Once the pictures are set aside, repeat all of the data below exactly.
···
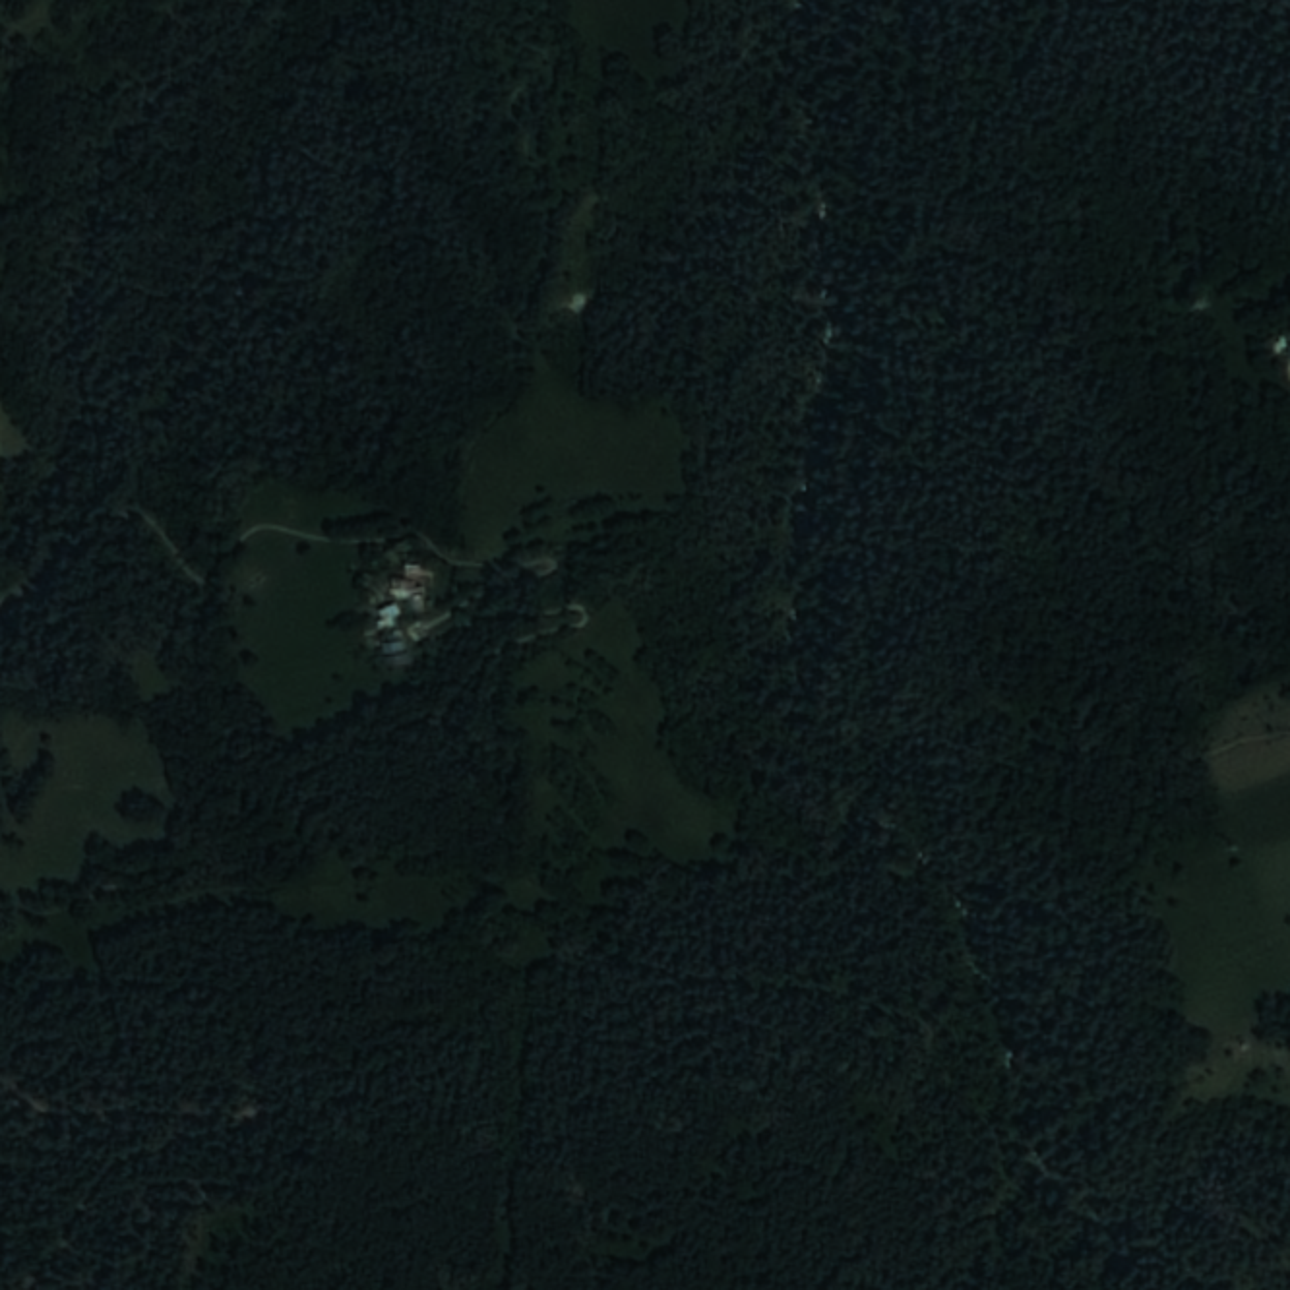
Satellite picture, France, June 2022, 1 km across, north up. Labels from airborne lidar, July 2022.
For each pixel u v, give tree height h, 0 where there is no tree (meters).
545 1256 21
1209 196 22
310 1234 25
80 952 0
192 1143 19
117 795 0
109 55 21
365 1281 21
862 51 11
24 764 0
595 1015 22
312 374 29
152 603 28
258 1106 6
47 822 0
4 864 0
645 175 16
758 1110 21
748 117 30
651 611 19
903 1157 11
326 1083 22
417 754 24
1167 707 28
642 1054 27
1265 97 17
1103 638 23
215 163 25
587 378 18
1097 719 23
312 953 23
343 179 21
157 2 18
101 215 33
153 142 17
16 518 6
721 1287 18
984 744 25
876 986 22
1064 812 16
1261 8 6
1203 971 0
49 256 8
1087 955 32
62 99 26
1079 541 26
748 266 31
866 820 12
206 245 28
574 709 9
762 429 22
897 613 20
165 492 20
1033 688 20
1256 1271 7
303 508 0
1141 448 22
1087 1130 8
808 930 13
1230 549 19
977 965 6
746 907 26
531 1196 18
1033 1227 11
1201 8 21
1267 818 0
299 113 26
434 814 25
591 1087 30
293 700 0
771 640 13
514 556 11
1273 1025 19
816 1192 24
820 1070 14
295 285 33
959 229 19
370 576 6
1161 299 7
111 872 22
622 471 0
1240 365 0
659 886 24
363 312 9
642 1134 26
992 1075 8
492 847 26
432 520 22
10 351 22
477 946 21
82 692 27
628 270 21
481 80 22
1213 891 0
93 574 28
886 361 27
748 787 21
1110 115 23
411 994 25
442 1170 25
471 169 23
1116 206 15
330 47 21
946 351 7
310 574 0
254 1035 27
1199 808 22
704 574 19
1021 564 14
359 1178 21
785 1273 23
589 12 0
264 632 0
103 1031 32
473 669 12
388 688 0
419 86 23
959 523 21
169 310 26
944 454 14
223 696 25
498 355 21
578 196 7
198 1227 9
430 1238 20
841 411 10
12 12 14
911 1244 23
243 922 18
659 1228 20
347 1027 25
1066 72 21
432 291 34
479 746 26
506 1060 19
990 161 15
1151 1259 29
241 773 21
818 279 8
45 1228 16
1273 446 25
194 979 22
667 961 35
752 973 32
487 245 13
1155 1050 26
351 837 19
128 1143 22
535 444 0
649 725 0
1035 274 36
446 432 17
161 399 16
···
### Written reply
Satellite picture, France, June 2022, 1 km across, north up. Labels from airborne lidar, July 2022.
For each pixel u v, give tree height h, 0 where there is no tree (meters).
545 1256 21
1209 196 22
310 1234 25
80 952 0
192 1143 19
117 795 0
109 55 21
365 1281 21
862 51 11
24 764 0
595 1015 22
312 374 29
152 603 28
258 1106 6
47 822 0
4 864 0
645 175 16
758 1110 21
748 117 30
651 611 19
903 1157 11
326 1083 22
417 754 24
1167 707 28
642 1054 27
1265 97 17
1103 638 23
215 163 25
587 378 18
1097 719 23
312 953 23
343 179 21
157 2 18
101 215 33
153 142 17
16 518 6
721 1287 18
984 744 25
876 986 22
1064 812 16
1261 8 6
1203 971 0
49 256 8
1087 955 32
62 99 26
1079 541 26
748 266 31
866 820 12
206 245 28
574 709 9
762 429 22
897 613 20
165 492 20
1033 688 20
1256 1271 7
303 508 0
1141 448 22
1087 1130 8
808 930 13
1230 549 19
977 965 6
746 907 26
531 1196 18
1033 1227 11
1201 8 21
1267 818 0
299 113 26
434 814 25
591 1087 30
293 700 0
771 640 13
514 556 11
1273 1025 19
816 1192 24
820 1070 14
295 285 33
959 229 19
370 576 6
1161 299 7
111 872 22
622 471 0
1240 365 0
659 886 24
363 312 9
642 1134 26
992 1075 8
492 847 26
432 520 22
10 351 22
477 946 21
82 692 27
628 270 21
481 80 22
1213 891 0
93 574 28
886 361 27
748 787 21
1110 115 23
411 994 25
442 1170 25
471 169 23
1116 206 15
330 47 21
946 351 7
310 574 0
254 1035 27
1199 808 22
704 574 19
1021 564 14
359 1178 21
785 1273 23
589 12 0
264 632 0
103 1031 32
473 669 12
388 688 0
419 86 23
959 523 21
169 310 26
944 454 14
223 696 25
498 355 21
578 196 7
198 1227 9
430 1238 20
841 411 10
12 12 14
911 1244 23
243 922 18
659 1228 20
347 1027 25
1066 72 21
432 291 34
479 746 26
506 1060 19
990 161 15
1151 1259 29
241 773 21
818 279 8
45 1228 16
1273 446 25
194 979 22
667 961 35
752 973 32
487 245 13
1155 1050 26
351 837 19
128 1143 22
535 444 0
649 725 0
1035 274 36
446 432 17
161 399 16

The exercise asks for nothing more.